While more study would be called for before one could draw any conclusions, one possible explanation is that the cheap soundbite propaganda and jingoistic sloganeering are becoming less effective.
@ FourthStooge-ing
Hitler summed it up lucidly:
--
80% of 17-year-old Americans do not know Germany fought in WWII, Stooge.
80% of ALL adult Americans are unable to multiply 15x17 (using paper an dpencil).
So, I'm not surprised, just despondent.
PS: Don't even mention WWI. 99% of Americans under 90-years-old haven't a clue.
And the answers to those questions are mere trivia. So who really cares which side fought whom in the second world war that ended almost 70 years ago? What does it matter if you can't do long hand multiplication if you can buy a calculator for $3FRN?
I don't understand the despondency because of that. Yeah, we have plenty of ignorant people. But I don't think that's really any different from how it's been for most of our history. There have been some brief times in our history when education and enlightenment have been more widespread, but those times have been relatively brief. I doubt your average sharecropper or tenement resident circa 1890 could tell you who the opposing sides in the war of 1812 were or could even read for that matter.
"Yeah, we have plenty of ignorant people. But I don't think that's really any different from how it's been for most of our history."
You're right, it's not.

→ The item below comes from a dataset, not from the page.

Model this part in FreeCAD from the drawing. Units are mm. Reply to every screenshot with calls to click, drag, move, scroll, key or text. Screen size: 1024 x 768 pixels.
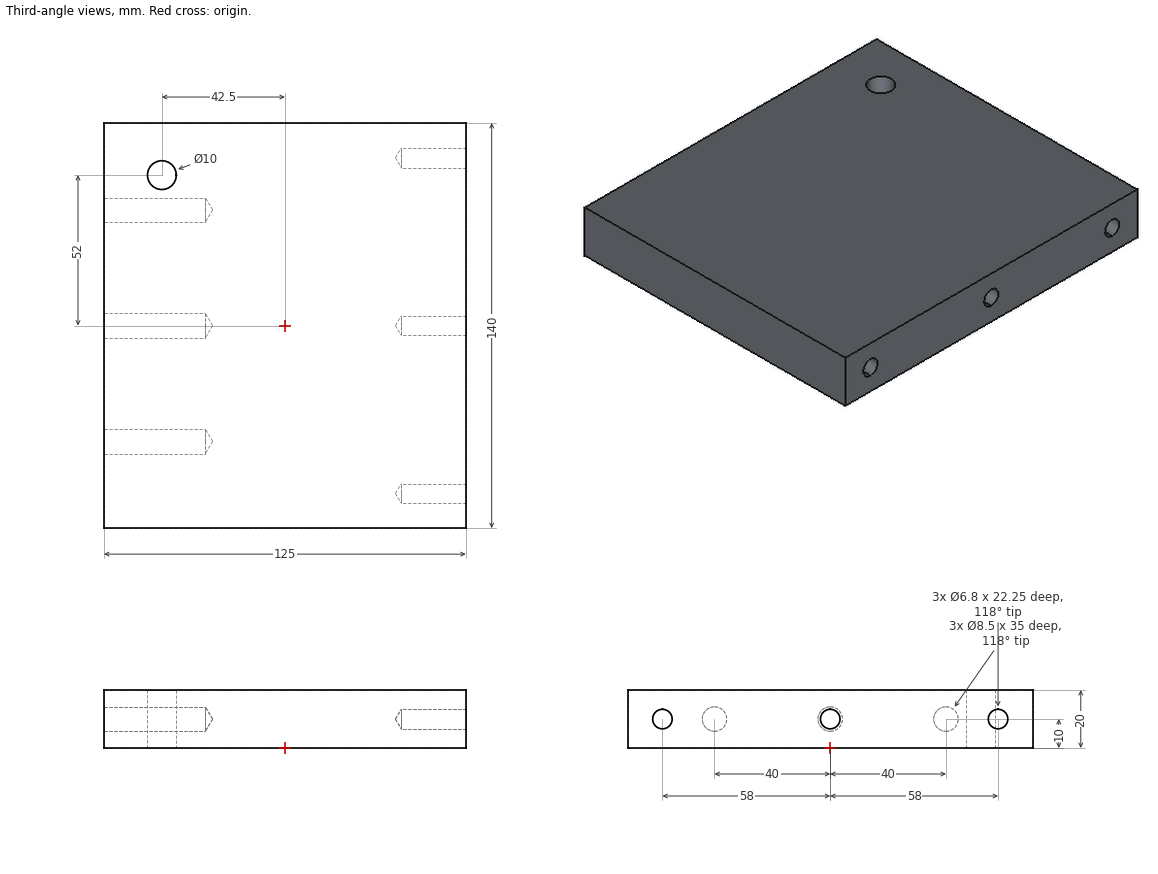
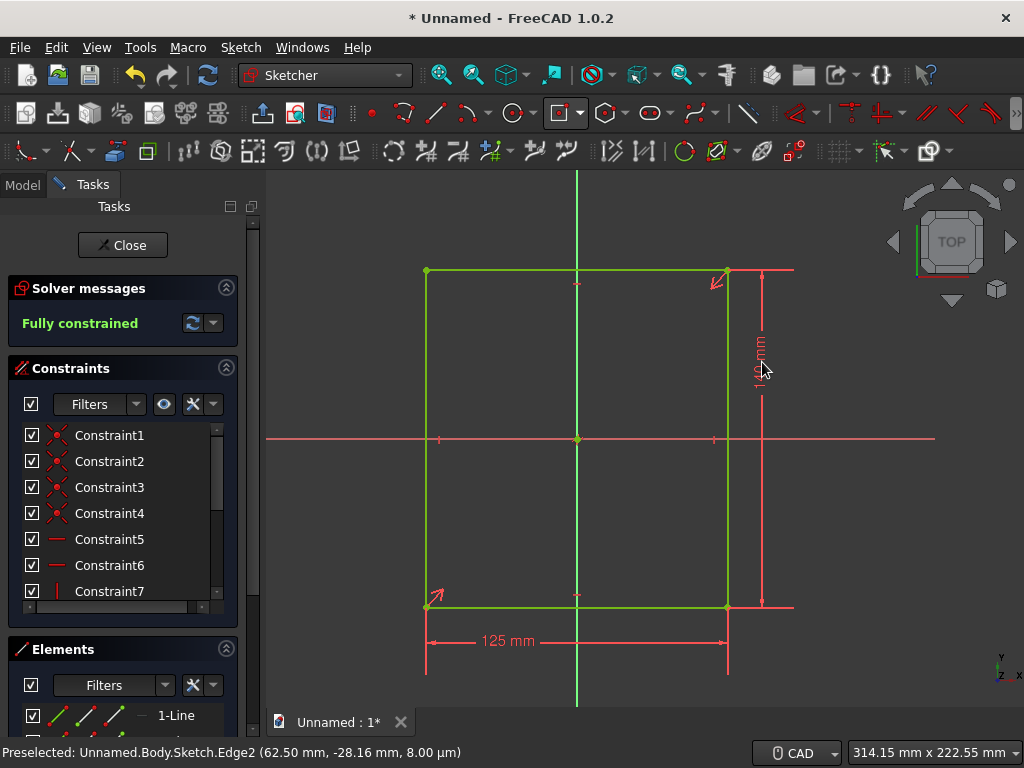
click(123, 245)

But that doesn't mean that ignorant people shouldn't be savagely beaten...
Germans who fought during WWII You call Nazis
in contrast Japanese who fought during WWII are called Japanese :)
Yes but the American GIs were ALL "Democrats"

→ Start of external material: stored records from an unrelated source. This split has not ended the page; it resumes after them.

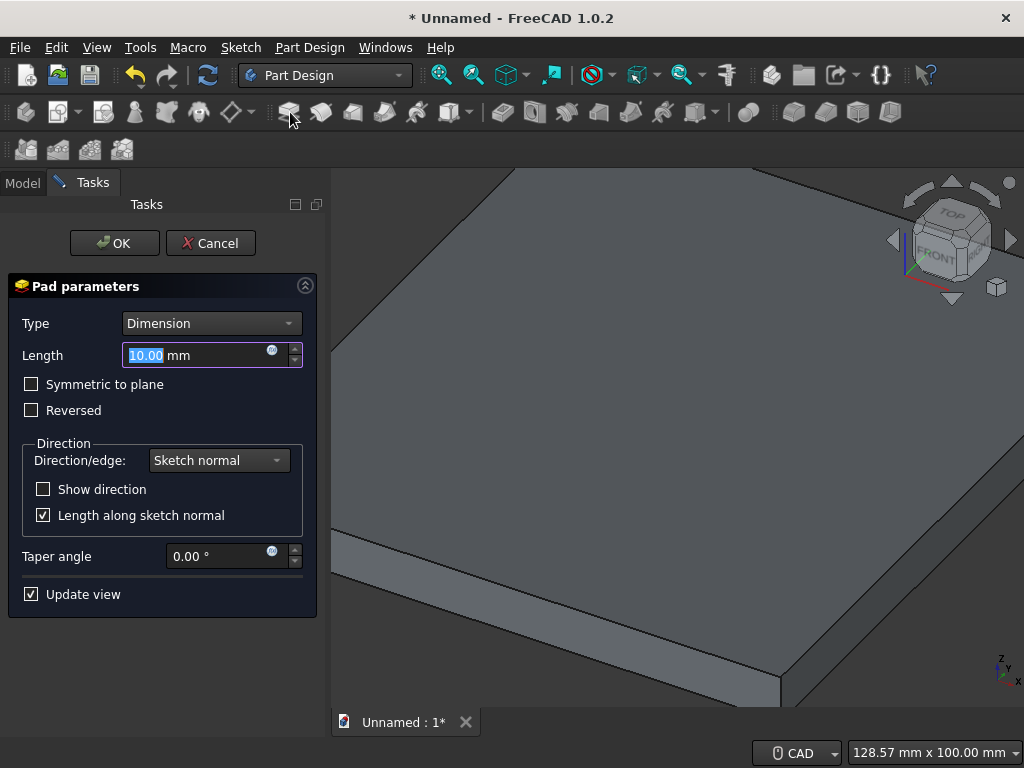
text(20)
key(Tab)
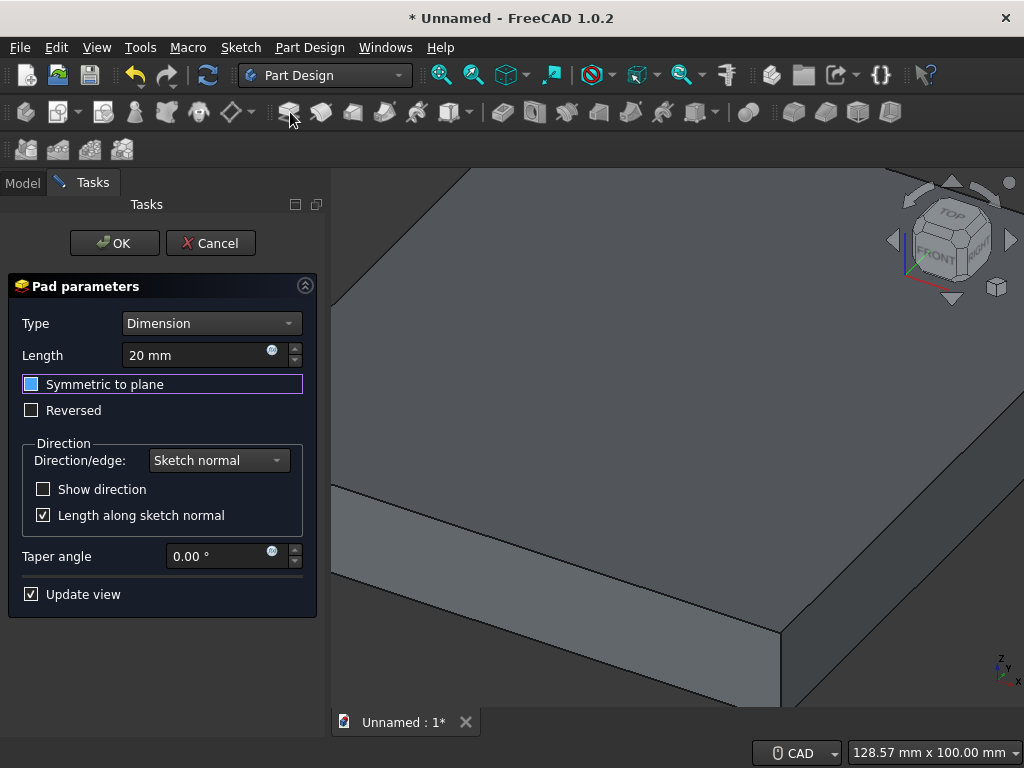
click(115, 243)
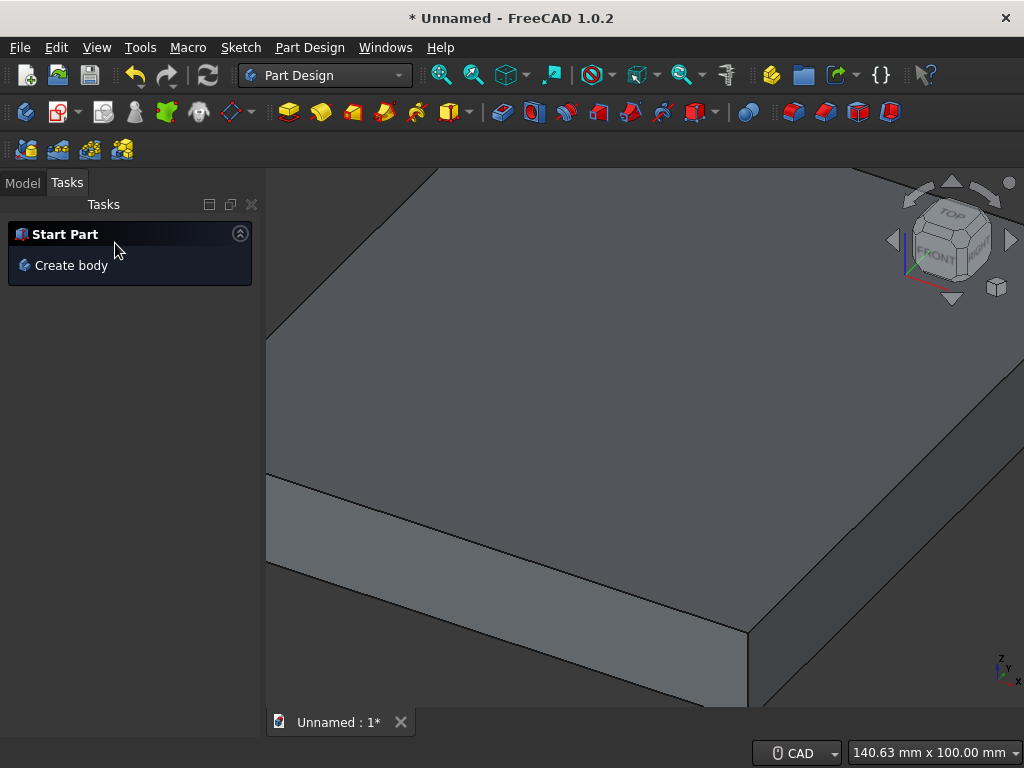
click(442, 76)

Unfortunately, I suspect many of those opposed have no idea what the constitution says. It is an instinctive negative reaction to anything the government does, not that there is anything wrong with that per se.
Hey, dork heads, you don't fucking get it. What is the origin of that poll? Couldn't I prism up a select market share. OK, that's it, I just blew a top, I'm serious, I'm peaking fuckers. You wish you could understand where I'm at. I just coined a new verb:
prism: verb, to achieve total information awareness
GW, banzai, you are the witnesses, I want credit for this in the history books. Prism can testify, I'm the first human to use prism to mean total information awareness. Google, the verb, will be seen as a subset of a Prism. Google means you only wanted to see a slice, Prism means you want it all, you are greedy. It will be used aa a pejoritive over time, but that time is not today. Kickin it on the planet, watch out for the rabbit hole, slaves.
The poll was also bugged.
"That's Hawt" was already taken?
Or else it's a gut reaction they get when they remember the phone conversation they had last week with Mimi and imagine their wife finding out about it. Too bad the ones who have the power to change the situation already found out about it by way of the transcripts in the anonymous package they found in their congressional mail last year.